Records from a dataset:
"""
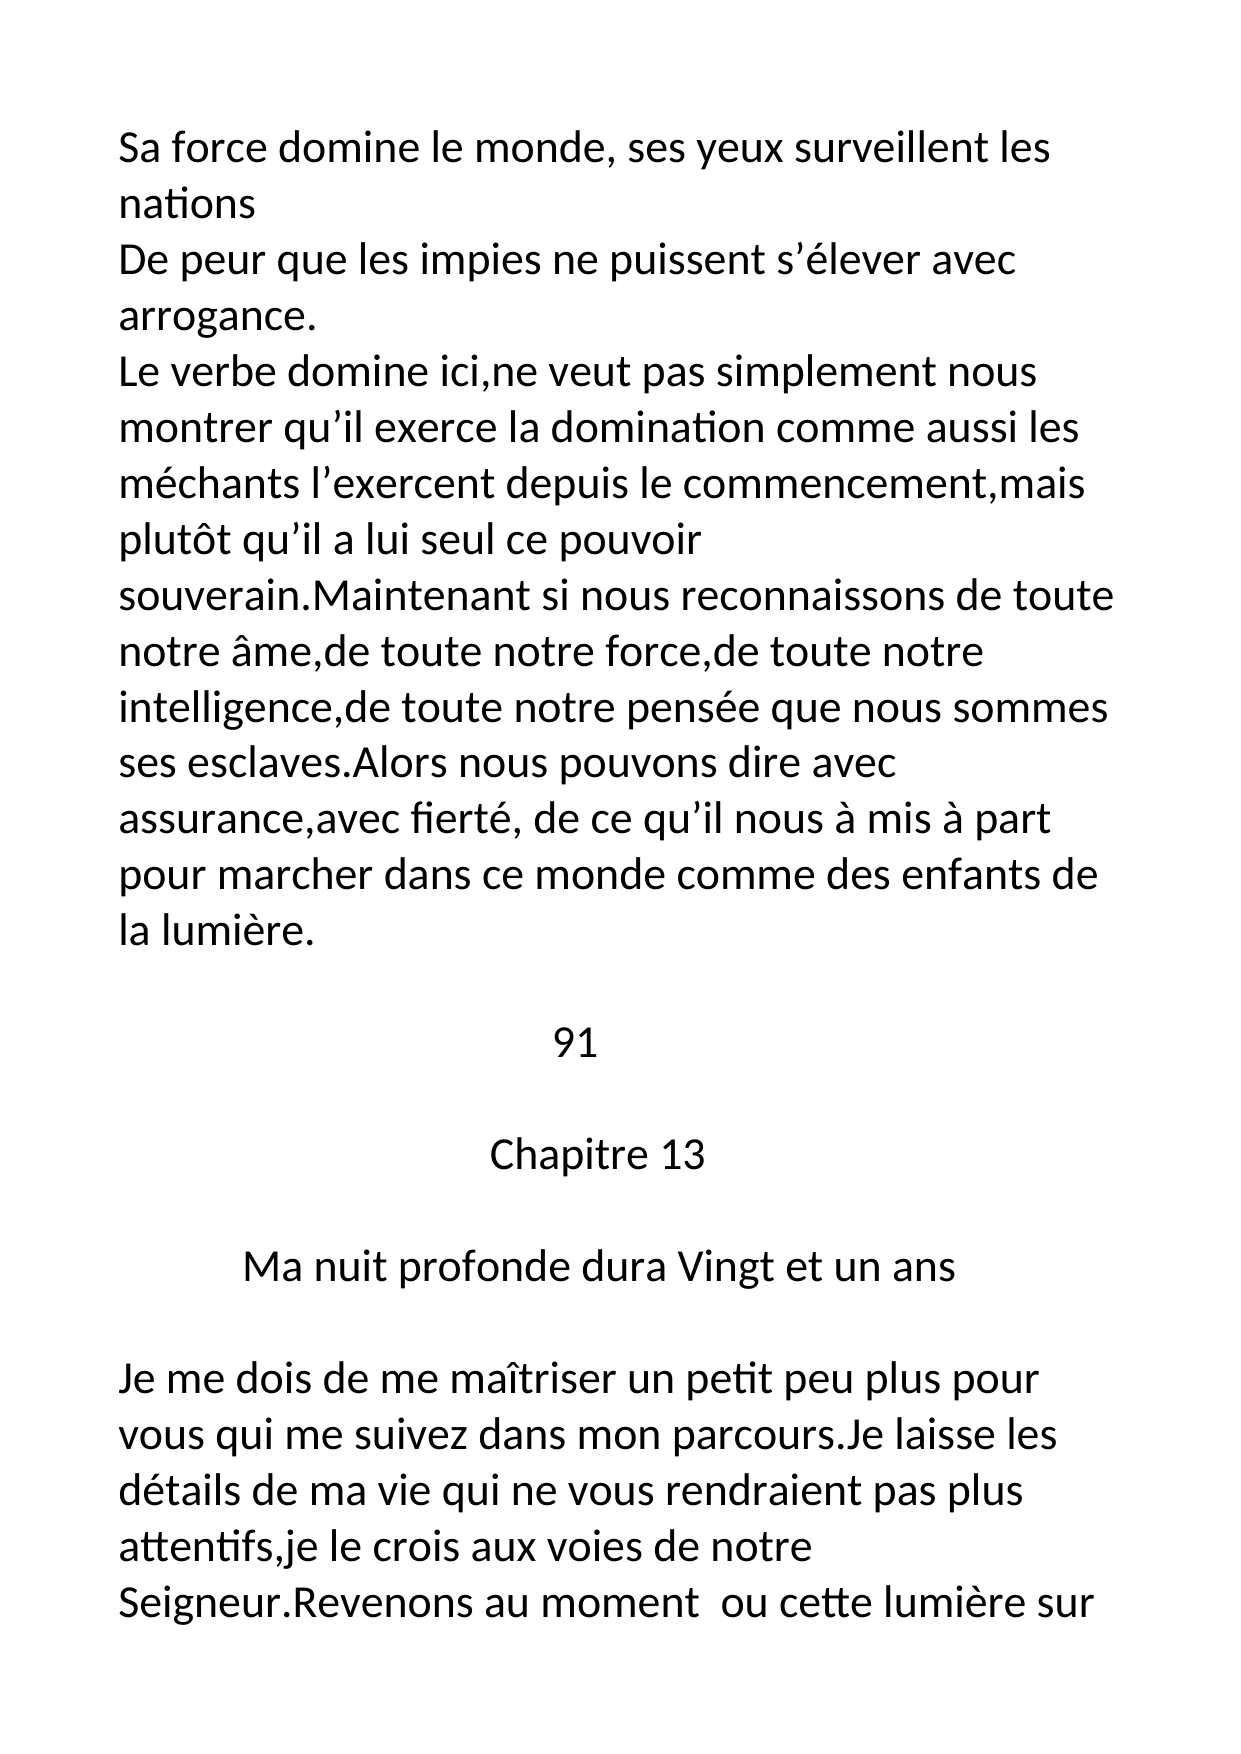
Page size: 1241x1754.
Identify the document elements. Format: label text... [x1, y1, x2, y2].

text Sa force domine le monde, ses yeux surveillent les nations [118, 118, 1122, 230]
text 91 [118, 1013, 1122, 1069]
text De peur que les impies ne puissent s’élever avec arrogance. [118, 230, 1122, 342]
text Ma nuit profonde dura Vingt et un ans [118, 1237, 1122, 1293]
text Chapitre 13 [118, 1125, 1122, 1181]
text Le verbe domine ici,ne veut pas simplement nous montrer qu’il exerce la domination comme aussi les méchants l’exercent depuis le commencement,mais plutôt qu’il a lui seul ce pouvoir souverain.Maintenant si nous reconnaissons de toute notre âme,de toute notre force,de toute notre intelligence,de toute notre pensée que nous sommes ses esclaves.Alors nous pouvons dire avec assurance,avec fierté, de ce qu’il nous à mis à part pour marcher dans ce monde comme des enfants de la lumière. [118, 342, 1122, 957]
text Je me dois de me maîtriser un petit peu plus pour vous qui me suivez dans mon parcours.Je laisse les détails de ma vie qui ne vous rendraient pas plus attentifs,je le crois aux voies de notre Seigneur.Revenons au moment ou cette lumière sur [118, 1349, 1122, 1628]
"""
"""
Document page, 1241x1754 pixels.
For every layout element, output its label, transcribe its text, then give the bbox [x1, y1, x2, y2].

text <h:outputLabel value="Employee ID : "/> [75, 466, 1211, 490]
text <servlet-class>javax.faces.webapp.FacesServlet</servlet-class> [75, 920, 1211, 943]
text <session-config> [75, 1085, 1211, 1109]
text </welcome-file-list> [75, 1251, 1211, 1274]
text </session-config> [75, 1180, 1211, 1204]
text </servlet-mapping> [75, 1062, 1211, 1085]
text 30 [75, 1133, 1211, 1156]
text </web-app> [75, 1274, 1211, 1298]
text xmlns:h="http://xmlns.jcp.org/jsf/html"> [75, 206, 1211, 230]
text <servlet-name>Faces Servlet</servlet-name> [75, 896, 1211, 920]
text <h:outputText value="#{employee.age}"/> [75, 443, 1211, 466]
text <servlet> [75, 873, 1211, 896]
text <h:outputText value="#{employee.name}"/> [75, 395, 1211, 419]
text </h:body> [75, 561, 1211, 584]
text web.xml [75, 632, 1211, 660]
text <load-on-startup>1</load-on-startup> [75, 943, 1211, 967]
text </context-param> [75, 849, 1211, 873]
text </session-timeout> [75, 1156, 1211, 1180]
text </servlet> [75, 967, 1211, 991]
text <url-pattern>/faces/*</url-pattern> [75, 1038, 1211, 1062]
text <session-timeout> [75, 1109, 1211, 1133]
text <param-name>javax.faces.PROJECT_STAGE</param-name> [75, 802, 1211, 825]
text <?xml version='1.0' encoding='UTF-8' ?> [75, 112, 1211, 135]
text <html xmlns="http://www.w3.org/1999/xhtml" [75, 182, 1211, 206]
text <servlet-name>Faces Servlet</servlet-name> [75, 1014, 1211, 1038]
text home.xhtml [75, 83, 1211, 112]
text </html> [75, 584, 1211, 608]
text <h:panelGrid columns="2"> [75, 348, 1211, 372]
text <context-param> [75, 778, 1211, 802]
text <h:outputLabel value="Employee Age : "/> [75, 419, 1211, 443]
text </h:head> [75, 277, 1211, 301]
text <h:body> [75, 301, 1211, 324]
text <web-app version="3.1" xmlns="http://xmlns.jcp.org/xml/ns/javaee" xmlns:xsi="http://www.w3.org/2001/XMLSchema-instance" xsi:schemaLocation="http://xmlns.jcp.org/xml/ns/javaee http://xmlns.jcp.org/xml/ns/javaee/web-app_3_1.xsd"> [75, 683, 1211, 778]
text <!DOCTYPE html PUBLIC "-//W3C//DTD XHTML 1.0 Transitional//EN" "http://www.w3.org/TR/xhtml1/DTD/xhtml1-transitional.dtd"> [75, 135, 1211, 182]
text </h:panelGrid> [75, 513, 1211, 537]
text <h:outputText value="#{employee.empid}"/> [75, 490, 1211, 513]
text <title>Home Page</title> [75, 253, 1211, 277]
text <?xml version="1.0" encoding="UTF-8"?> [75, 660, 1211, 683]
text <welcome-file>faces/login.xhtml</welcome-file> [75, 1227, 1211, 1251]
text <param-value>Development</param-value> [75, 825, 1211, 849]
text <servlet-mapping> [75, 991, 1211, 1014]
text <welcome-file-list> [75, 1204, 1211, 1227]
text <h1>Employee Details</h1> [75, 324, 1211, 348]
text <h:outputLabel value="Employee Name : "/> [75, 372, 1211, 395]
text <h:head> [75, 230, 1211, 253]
"""
PROBLEM TO SOLVE:
All that is wanted is the stretch of lines above from the one containing "text <param-value>Development</param-value> [75, 825, 1211, 849]" through the one containing "text <h:head> [75, 230, 1211, 253]", duplicated exactly.

SOLUTION TO THIS TASK:
text <param-value>Development</param-value> [75, 825, 1211, 849]
text <servlet-mapping> [75, 991, 1211, 1014]
text <welcome-file-list> [75, 1204, 1211, 1227]
text <h1>Employee Details</h1> [75, 324, 1211, 348]
text <h:outputLabel value="Employee Name : "/> [75, 372, 1211, 395]
text <h:head> [75, 230, 1211, 253]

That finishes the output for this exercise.